A store purchased a computer for $800 and then sold it. Was the store's gross profit on the computer greater...

Understanding the Question

Let's break down what we're asking. The store bought a computer for \(\$800\) and sold it. We need to determine: Was the gross profit greater than \(\$200\)?

Since gross profit = \(\mathrm{Selling\ price} - \mathrm{Purchase\ price} = \mathrm{Selling\ price} - \$800\), we're really asking:
Is \((\mathrm{Selling\ price} - \$800) > \$200\)?

This simplifies to: Is the selling price \(> \$1000\)?

This is a yes/no question - we need a definitive answer about whether the selling price exceeded \(\$1000\). For sufficiency, we must be able to say either "Yes, definitely above \(\$1000\)" or "No, definitely not above \(\$1000\)."

Analyzing Statement 1

Statement 1 tells us: The store sold the computer for more than \(\$950\).

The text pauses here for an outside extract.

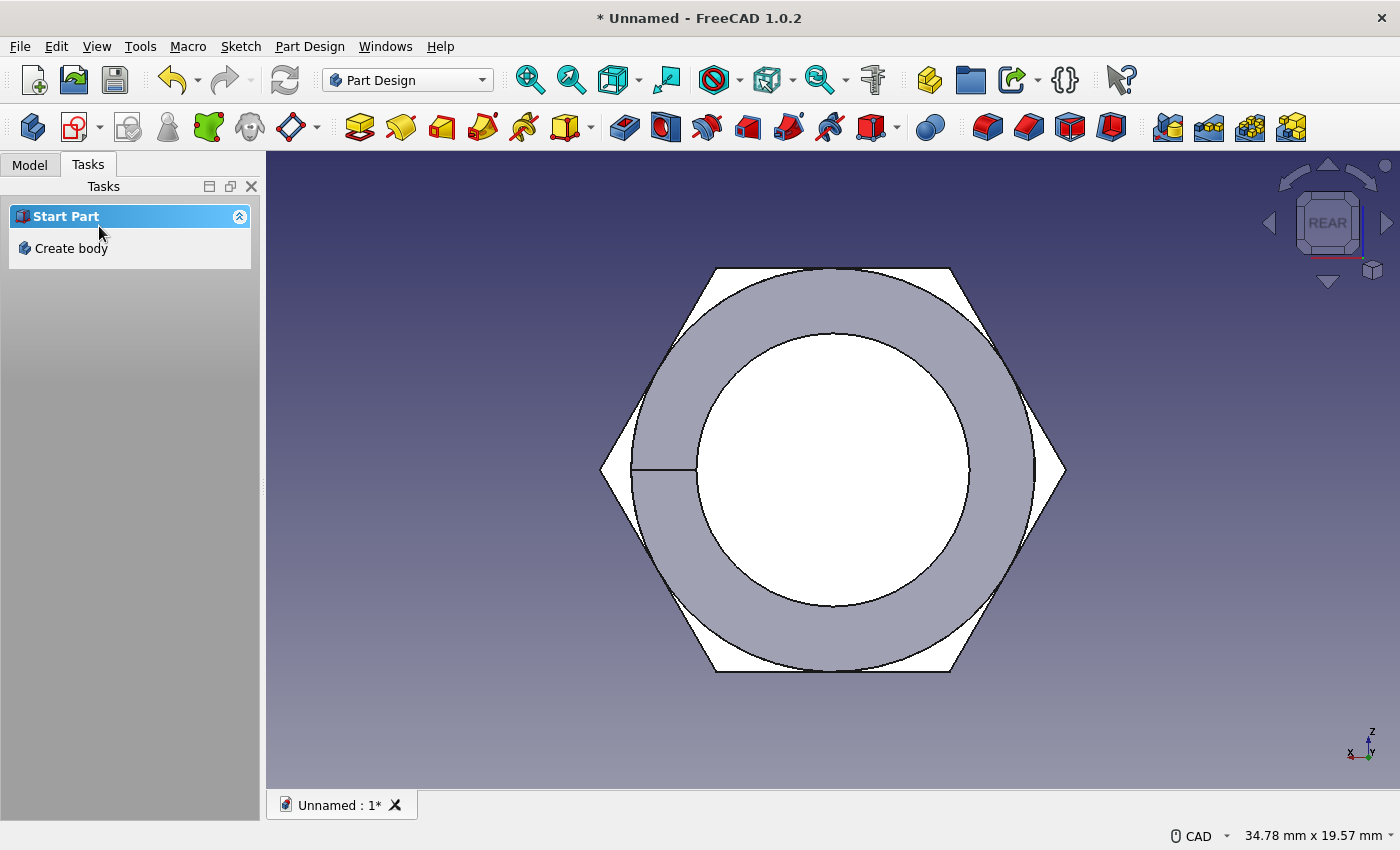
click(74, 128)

So we know: \(\mathrm{Selling\ price} > \$950\)

This gives us a range of possibilities. Let me test specific values to see if we can answer our question definitively.

Testing Different Scenarios

Case 1: Selling price = \(\$951\)

• Gross profit = \(\$951 - \$800 = \$151\)
• Is \(\$151 > \$200\)? NO

Case 2: Selling price = \(\$1050\)

• Gross profit = \(\$1050 - \$800 = \$250\)
• Is \(\$250 > \$200\)? YES

Both selling prices satisfy "more than \(\$950\)," but they give us different answers to our question. Since we can get both YES and NO outcomes, we cannot answer the question definitively.

Conclusion: Statement 1 is NOT sufficient.

This eliminates answer choices A and D.

Analyzing Statement 2

Now let's forget Statement 1 completely and analyze Statement 2 independently.

Statement 2 tells us: The store's gross profit was more than \(20\%\) of the selling price.

In other words: \(\mathrm{Gross\ profit} > 20\% \times \mathrm{Selling\ price}\)

Strategic Analysis

Here's the key insight: If the profit exceeds \(20\%\) of the selling price, then the cost (\(\$800\)) must be less than \(80\%\) of the selling price.

Think about it this way - the selling price is divided into cost and profit. If profit takes up more than \(20\%\), then cost must take up less than \(80\%\).

Let's find the boundary case:

• If cost (\(\$800\)) equals exactly \(80\%\) of selling price
• Then: \(\$800 = 0.80 \times \mathrm{Selling\ price}\)
• So: \(\mathrm{Selling\ price} = \$800 \div 0.80 = \$1000\)

Since we need the cost to be LESS than \(80\%\) of selling price (because profit is MORE than \(20\%\)), the selling price must be GREATER than \(\$1000\).

Therefore, the gross profit must be greater than \(\$1000 - \$800 = \$200\).

[STOP - Sufficient!] Statement 2 definitively tells us the answer is YES.

Conclusion: Statement 2 alone is sufficient.

The Answer: B

Statement 2 alone provides sufficient information to determine that the gross profit was indeed greater than \(\$200\), while Statement 1 alone does not.

Answer Choice B: "Statement 2 alone is sufficient, but Statement 1 alone is not sufficient."